Cameroonian Sports Federation for the Deaf (FECASSO) (French: Fédération Camerounaise de Sports pour Sourds) is the national sports federation for people with hearing impairments in Cameroon.

== Governance ==

FECASSO is one of four member organizations of the Cameroonian Paralympic Committee (CNPC). Unlike the other three members, it does not have its activities supervised by the International Paralympic Committee. The President is Pierre Valery Pemha. In this role, he also serves as a Vice President of CNPC. He has held this role since 2011.

== History ==
Articles 36 and 37 of "loi Nº2010/002 du avril 2010 portant protection et promotion des personnes handicapées" saw the organization formally recognized by law in Cameroon. This was seen by the government as an important step in promoting physical activity for people with disabilities in the country.

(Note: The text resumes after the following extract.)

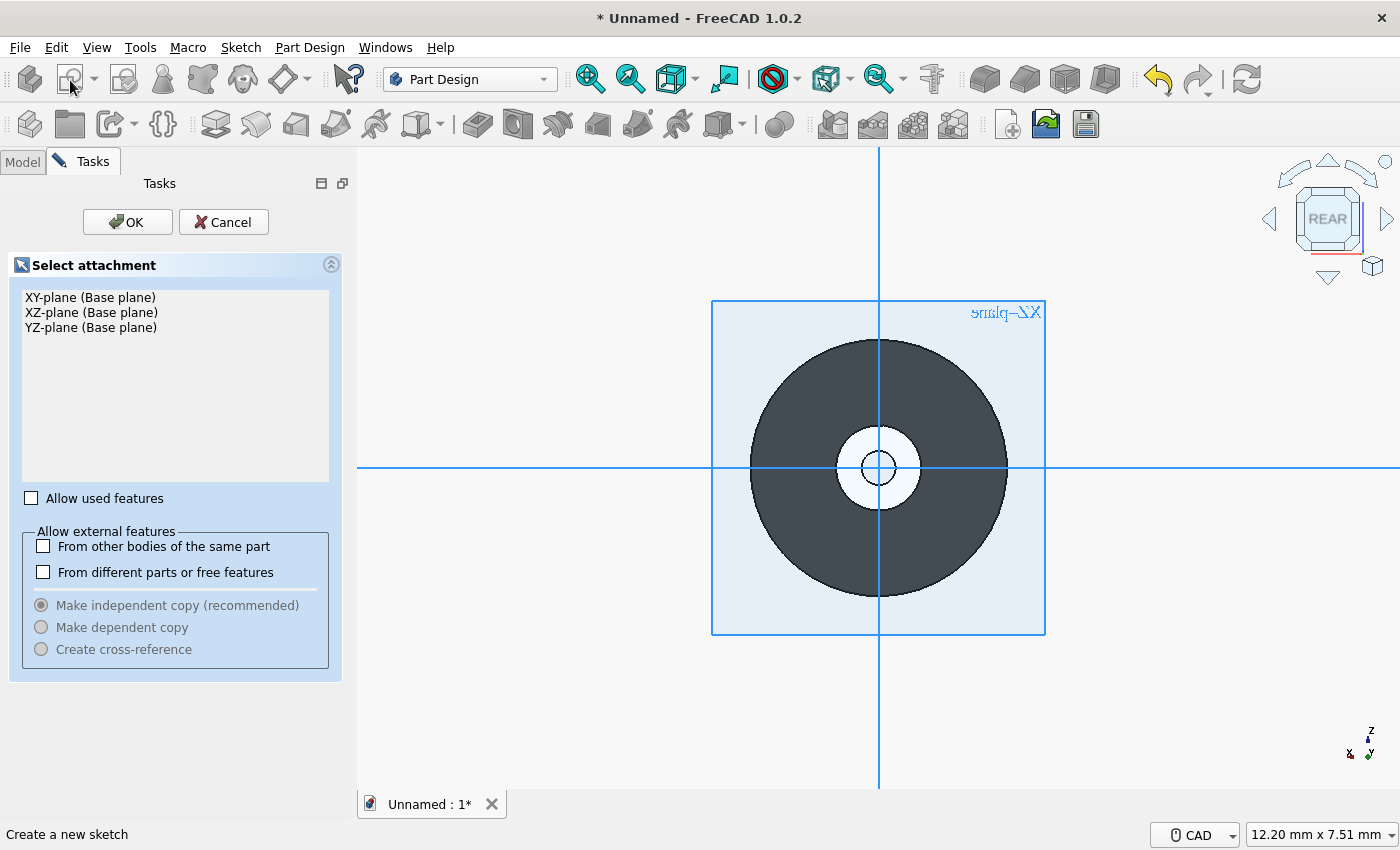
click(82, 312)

Fédération camerounaise des sports pour handicapés (FECASH) was dissolved in July 2011 as a result of Law No. 2011-18 of 15 July 2011 related to the organization and promotion of Physical and Sporting Activities. It was replaced by Fédération Camerounaise de Sports pour Déficients Physiques (FECASDEP), Fédération Camerounaise de Sports pour Déficients Visuels (FECASDEV), Fédération Camerounaise de Sports pour Déficients Intellectuels (FECASDI) and Fédération Camerounaise de Sports pour Sourds (FECASSO). These four organizations were thane made members of the newly reformed Cameroonian Paralympic Committee. The process that dissolved FECASH and saw the formal creation of this organization began in March 2011.

From the organization's creation to at least September 2013, the organization had received zero funding from the government to support their operations.